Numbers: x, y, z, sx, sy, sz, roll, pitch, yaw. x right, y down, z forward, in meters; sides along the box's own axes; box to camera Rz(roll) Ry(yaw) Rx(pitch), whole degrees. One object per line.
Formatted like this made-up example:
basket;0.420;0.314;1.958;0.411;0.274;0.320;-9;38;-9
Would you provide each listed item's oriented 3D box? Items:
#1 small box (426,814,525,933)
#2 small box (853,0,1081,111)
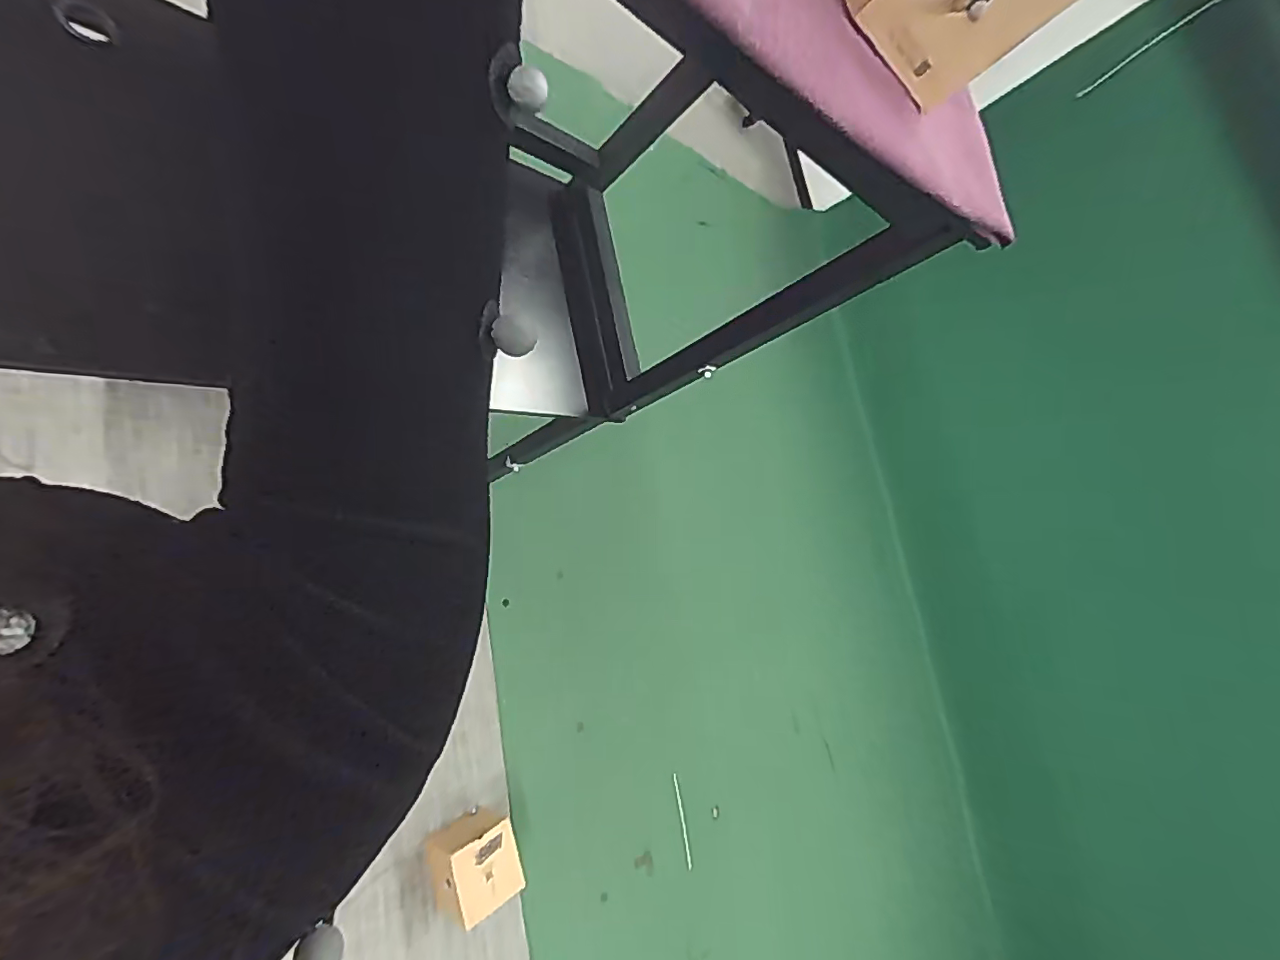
◇ ◇ ◇ ◇ ◇ ◇ ◇
What you should do
Your response should be made up of the lines in the data that contain the word "small".

Response below
#1 small box (426,814,525,933)
#2 small box (853,0,1081,111)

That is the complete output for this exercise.